Hey Newt! My understanding on this is a little different... HO does indeed indicate a bulb that can handle more wattage than the same length NO bulb. For example if you look at this list from another post:

For example, comparing a few bulbs with similar specs:
1. 48" 32W T8 = 2950lumen / 92lpw
2. 48" 28W T5NO = 2900lumen / 104lpw
3. 48" 54W T5HO = 5000lumen / 93lpw
4. 48" 84W T5VHO = 7200lumen / 85lpw
5. 21" 55W CF = 4800lumen / 87lpw

The wattage handled is the big difference. Efficiency (lpw) actually goes down slightly as you increase wattage. As far as watts per inch of tube, CF's are in the same category as HO bulbs of the same diameter.

Also, T5's don't necessarily run cooler, their ideal operating temperature is higher, in the mid 90's, while T8's had an ideal operating temperature in the mid 70's... This is why T5 are a particularly better choice in closed fixtures where temperatures get high quickly. The need for fans is greatly reduced.

Don't get me wrong, T5HO is the better choice, but I feel at times we expect a little too much from them, specially if we're expecting to get an increase in output/performance from a decrease in wattage...

Giancarlo


----------



## Newt (Apr 1, 2004)

Yes, that is good info. My point was that alot of people talk watts as if this was the output. It is the input. That was my point.

Here's something to ponder:
I have some european Philips Aquarelles. One is 48" T8 and is 36watts the other is 1 meter T8 38.5watts. Which do you think is more efficient, more light output?


----------



## gpodio (Feb 4, 2004)

They are going to emit pretty much the same amount of lumen/PAR assuming they are identical models and both running off same quality ballasts. The HO tube (105mm 38W) is going to appear brighter because the same amount of light is being emitted from a smaller surface area, but overall output will be very similar.

As for efficiency... the NO bulb is likely more efficient (more lumens per watt consumed).
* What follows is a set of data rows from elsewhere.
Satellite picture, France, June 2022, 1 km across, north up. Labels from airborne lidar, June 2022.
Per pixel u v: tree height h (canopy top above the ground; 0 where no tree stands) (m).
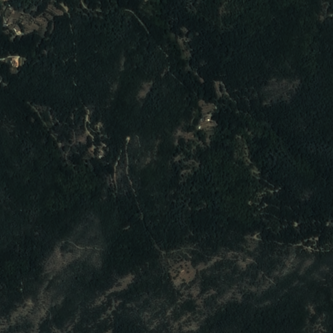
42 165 10
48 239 9
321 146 6
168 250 10
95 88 11
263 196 7
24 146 9
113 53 11
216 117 15
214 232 10
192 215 10
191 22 17
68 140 9
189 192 10
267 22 13
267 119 14
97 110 9
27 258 12
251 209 15
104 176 12
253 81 12
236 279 6
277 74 8
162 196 12
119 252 12
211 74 13
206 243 11
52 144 10
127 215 11
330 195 11
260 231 8
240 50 11
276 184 11
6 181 12
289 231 11
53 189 13
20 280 8
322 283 6
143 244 13
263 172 12
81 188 7
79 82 11
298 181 11
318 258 8
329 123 11
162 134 6
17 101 20
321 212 17
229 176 14
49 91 10
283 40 10
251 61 11
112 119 7
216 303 8
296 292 6
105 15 21
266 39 10
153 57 17
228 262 6
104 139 13
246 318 7
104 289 5
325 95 9
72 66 12
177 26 12
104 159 14
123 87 11
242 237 7
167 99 9
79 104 15
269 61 9
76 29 11
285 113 12
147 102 9
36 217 7
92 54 11
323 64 11
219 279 8
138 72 12
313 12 10
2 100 15
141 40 19
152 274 10
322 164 9
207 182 18
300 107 12
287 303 8
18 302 9
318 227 8
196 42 15
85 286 7
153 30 20
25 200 8
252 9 10
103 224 9
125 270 8
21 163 8
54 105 16
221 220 10
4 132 6
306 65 11
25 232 8
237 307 8
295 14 13
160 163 8
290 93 6
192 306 12
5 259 14
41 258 9
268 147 9
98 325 9
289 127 15
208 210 11
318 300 8
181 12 13
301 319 7
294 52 8
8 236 7
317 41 12
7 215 8
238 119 13
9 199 10
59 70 7
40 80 10
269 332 11
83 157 8
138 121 9
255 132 7
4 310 8
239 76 11
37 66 7
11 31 6
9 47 19
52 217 15
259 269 7
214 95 16
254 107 13
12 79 16
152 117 8
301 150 18
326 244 6
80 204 13
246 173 10
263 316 17
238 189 14
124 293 6
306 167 10
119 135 7
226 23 8
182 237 7
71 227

As for lumen output... I don't think the 2 extra watts will completely offset the reduced efficiency... the 36W NO bulb may have the slight advantage yet again, even if only marginal.

Obviously for aquarium use, we are often faced with limited room so no doubt you can pack a lot more light in a given space using HO bulbs. A lot will also depend on the ballasts used, I believe one can make a lot more difference based on the ballast they use than the NO/HO/VHO designation of the bulbs, assuming the same overall wattage is used.

Giancarlo


----------



## gpodio (Feb 4, 2004)

I found some specs on the Philips site... they were well hidden 

TL-D 36W 120cm 
TL-D 38W 105cm

I found one reference that stated the TL-D 36W has a PAR rating of 47.1 mEinsteins which is actually quite good, but it wasn't from the Philips site so not sure how accurate that may be.

Giancarlo


----------



## tom855 (Feb 5, 2006)

T5's or even HOT5's can't be beat for nice, sleek small fixtures, and in many cases, NO FAN!

Might not sound like a big deal until you listen to how loud some of the fixture fans are.

Go fanless if at all possible!

Tom 


.


----------



## tom855 (Feb 5, 2006)

...


----------